What you should do => Repeat the entries without change, omitting the pictures.

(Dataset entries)
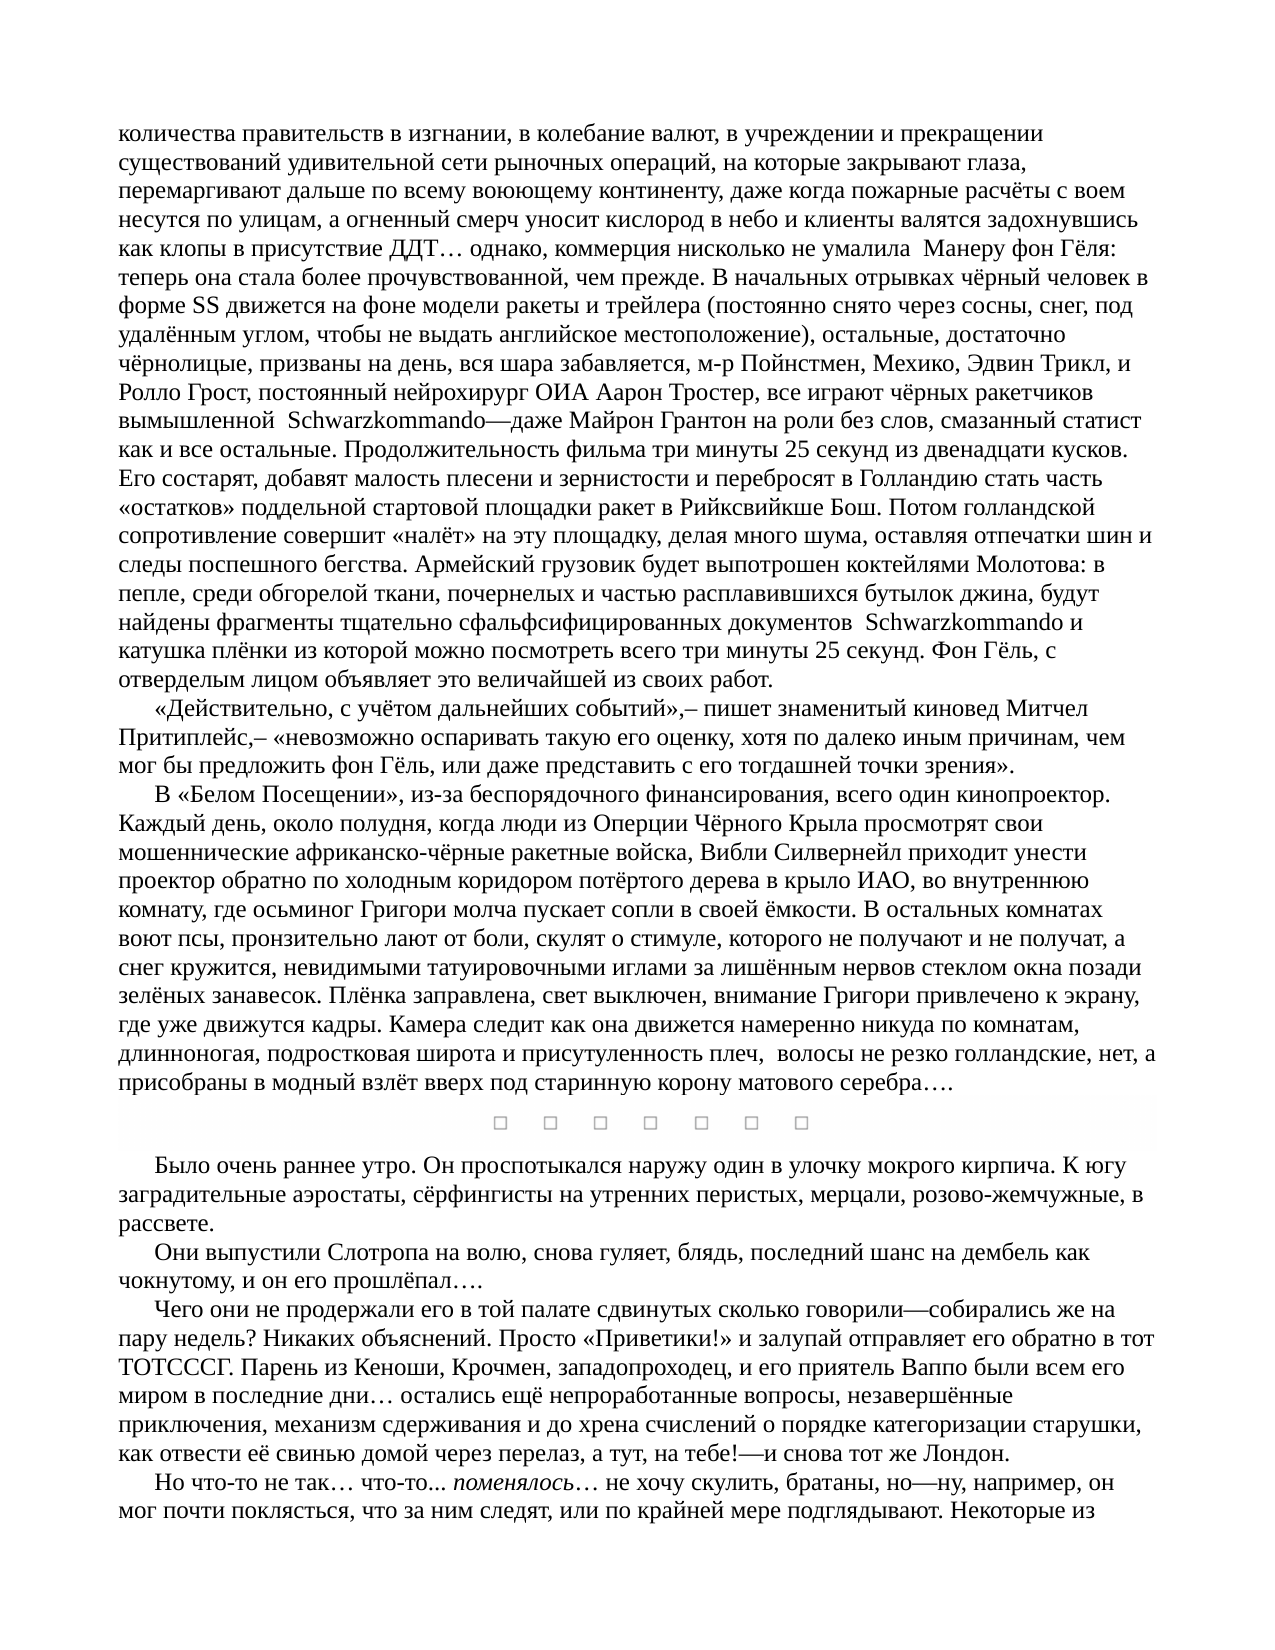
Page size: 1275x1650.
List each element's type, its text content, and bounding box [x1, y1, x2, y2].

text «Действительно, с учётом дальнейших событий»,– пишет знаменитый киновед Митчел Притиплейс,– «невозможно оспаривать такую его оценку, хотя по далеко иным причинам, чем мог бы предложить фон Гёль, или даже представить с его тогдашней точки зрения». [118, 693, 1157, 779]
text Они выпустили Слотропа на волю, снова гуляет, блядь, последний шанс на дембель как чокнутому, и он его прошлёпал…. [118, 1237, 1157, 1294]
text Чего они не продержали его в той палате сдвинутых сколько говорили—собирались же на пару недель? Никаких объяснений. Просто «Приветики!» и залупай отправляет его обратно в тот ТОТСССГ. Парень из Кеноши, Крочмен, западопроходец, и его приятель Ваппо были всем его миром в последние дни… остались ещё непроработанные вопросы, незавершённые приключения, механизм сдерживания и до хрена счислений о порядке категоризации старушки, как отвести её свинью домой через перелаз, а тут, на тебе!—и снова тот же Лондон. [118, 1294, 1157, 1467]
picture [118, 1095, 1157, 1151]
text Но что-то не так… что-то... поменялось… не хочу скулить, братаны, но—ну, например, он мог почти поклясться, что за ним следят, или по крайней мере подглядывают. Некоторые из [118, 1467, 1157, 1524]
text количества правительств в изгнании, в колебание валют, в учреждении и прекращении существований удивительной сети рыночных операций, на которые закрывают глаза, перемаргивают дальше по всему воюющему континенту, даже когда пожарные расчёты с воем несутся по улицам, а огненный смерч уносит кислород в небо и клиенты валятся задохнувшись как клопы в присутствие ДДТ… однако, коммерция нисколько не умалила Манеру фон Гёля: теперь она стала более прочувствованной, чем прежде. В начальных отрывках чёрный человек в форме SS движется на фоне модели ракеты и трейлера (постоянно снято через сосны, снег, под удалённым углом, чтобы не выдать английское местоположение), остальные, достаточно чёрнолицые, призваны на день, вся шара забавляется, м-р Пойнстмен, Мехико, Эдвин Трикл, и Ролло Грост, постоянный нейрохирург ОИА Аарон Тростер, все играют чёрных ракетчиков вымышленной Schwarzkommando—даже Майрон Грантон на роли без слов, смазанный статист как и все остальные. Продолжительность фильма три минуты 25 секунд из двенадцати кусков. Его состарят, добавят малость плесени и зернистости и перебросят в Голландию стать часть «остатков» поддельной стартовой площадки ракет в Рийксвийкше Бош. Потом голландской сопротивление совершит «налёт» на эту площадку, делая много шума, оставляя отпечатки шин и следы поспешного бегства. Армейский грузовик будет выпотрошен коктейлями Молотова: в пепле, среди обгорелой ткани, почернелых и частью расплавившихся бутылок джина, будут найдены фрагменты тщательно сфальфсифицированных документов Schwarzkommando и катушка плёнки из которой можно посмотреть всего три минуты 25 секунд. Фон Гёль, с отверделым лицом объявляет это величайшей из своих работ. [118, 118, 1157, 693]
text Было очень раннее утро. Он проспотыкался наружу один в улочку мокрого кирпича. К югу заградительные аэростаты, сёрфингисты на утренних перистых, мерцали, розово-жемчужные, в рассвете. [118, 1151, 1157, 1237]
text В «Белом Посещении», из-за беспорядочного финансирования, всего один кинопроектор. Каждый день, около полудня, когда люди из Оперции Чёрного Крыла просмотрят свои мошеннические африканско-чёрные ракетные войска, Вибли Силвернейл приходит унести проектор обратно по холодным коридором потёртого дерева в крыло ИАО, во внутреннюю комнату, где осьминог Григори молча пускает сопли в своей ёмкости. В остальных комнатах воют псы, пронзительно лают от боли, скулят о стимуле, которого не получают и не получат, а снег кружится, невидимыми татуировочными иглами за лишённым нервов стеклом окна позади зелёных занавесок. Плёнка заправлена, свет выключен, внимание Григори привлечено к экрану, где уже движутся кадры. Камера следит как она движется намеренно никуда по комнатам, длинноногая, подростковая широта и присутуленность плеч, волосы не резко голландские, нет, а присобраны в модный взлёт вверх под старинную корону матового серебра…. [118, 779, 1157, 1095]

Reply to the task =>
Page size: 1275x1650.
List each element's type, its text content, and bounding box [x1, y1, x2, y2].

text «Действительно, с учётом дальнейших событий»,– пишет знаменитый киновед Митчел Притиплейс,– «невозможно оспаривать такую его оценку, хотя по далеко иным причинам, чем мог бы предложить фон Гёль, или даже представить с его тогдашней точки зрения». [118, 693, 1157, 779]
text Они выпустили Слотропа на волю, снова гуляет, блядь, последний шанс на дембель как чокнутому, и он его прошлёпал…. [118, 1237, 1157, 1294]
text Чего они не продержали его в той палате сдвинутых сколько говорили—собирались же на пару недель? Никаких объяснений. Просто «Приветики!» и залупай отправляет его обратно в тот ТОТСССГ. Парень из Кеноши, Крочмен, западопроходец, и его приятель Ваппо были всем его миром в последние дни… остались ещё непроработанные вопросы, незавершённые приключения, механизм сдерживания и до хрена счислений о порядке категоризации старушки, как отвести её свинью домой через перелаз, а тут, на тебе!—и снова тот же Лондон. [118, 1294, 1157, 1467]
picture [118, 1095, 1157, 1151]
text Но что-то не так… что-то... поменялось… не хочу скулить, братаны, но—ну, например, он мог почти поклясться, что за ним следят, или по крайней мере подглядывают. Некоторые из [118, 1467, 1157, 1524]
text количества правительств в изгнании, в колебание валют, в учреждении и прекращении существований удивительной сети рыночных операций, на которые закрывают глаза, перемаргивают дальше по всему воюющему континенту, даже когда пожарные расчёты с воем несутся по улицам, а огненный смерч уносит кислород в небо и клиенты валятся задохнувшись как клопы в присутствие ДДТ… однако, коммерция нисколько не умалила Манеру фон Гёля: теперь она стала более прочувствованной, чем прежде. В начальных отрывках чёрный человек в форме SS движется на фоне модели ракеты и трейлера (постоянно снято через сосны, снег, под удалённым углом, чтобы не выдать английское местоположение), остальные, достаточно чёрнолицые, призваны на день, вся шара забавляется, м-р Пойнстмен, Мехико, Эдвин Трикл, и Ролло Грост, постоянный нейрохирург ОИА Аарон Тростер, все играют чёрных ракетчиков вымышленной Schwarzkommando—даже Майрон Грантон на роли без слов, смазанный статист как и все остальные. Продолжительность фильма три минуты 25 секунд из двенадцати кусков. Его состарят, добавят малость плесени и зернистости и перебросят в Голландию стать часть «остатков» поддельной стартовой площадки ракет в Рийксвийкше Бош. Потом голландской сопротивление совершит «налёт» на эту площадку, делая много шума, оставляя отпечатки шин и следы поспешного бегства. Армейский грузовик будет выпотрошен коктейлями Молотова: в пепле, среди обгорелой ткани, почернелых и частью расплавившихся бутылок джина, будут найдены фрагменты тщательно сфальфсифицированных документов Schwarzkommando и катушка плёнки из которой можно посмотреть всего три минуты 25 секунд. Фон Гёль, с отверделым лицом объявляет это величайшей из своих работ. [118, 118, 1157, 693]
text Было очень раннее утро. Он проспотыкался наружу один в улочку мокрого кирпича. К югу заградительные аэростаты, сёрфингисты на утренних перистых, мерцали, розово-жемчужные, в рассвете. [118, 1151, 1157, 1237]
text В «Белом Посещении», из-за беспорядочного финансирования, всего один кинопроектор. Каждый день, около полудня, когда люди из Оперции Чёрного Крыла просмотрят свои мошеннические африканско-чёрные ракетные войска, Вибли Силвернейл приходит унести проектор обратно по холодным коридором потёртого дерева в крыло ИАО, во внутреннюю комнату, где осьминог Григори молча пускает сопли в своей ёмкости. В остальных комнатах воют псы, пронзительно лают от боли, скулят о стимуле, которого не получают и не получат, а снег кружится, невидимыми татуировочными иглами за лишённым нервов стеклом окна позади зелёных занавесок. Плёнка заправлена, свет выключен, внимание Григори привлечено к экрану, где уже движутся кадры. Камера следит как она движется намеренно никуда по комнатам, длинноногая, подростковая широта и присутуленность плеч, волосы не резко голландские, нет, а присобраны в модный взлёт вверх под старинную корону матового серебра…. [118, 779, 1157, 1095]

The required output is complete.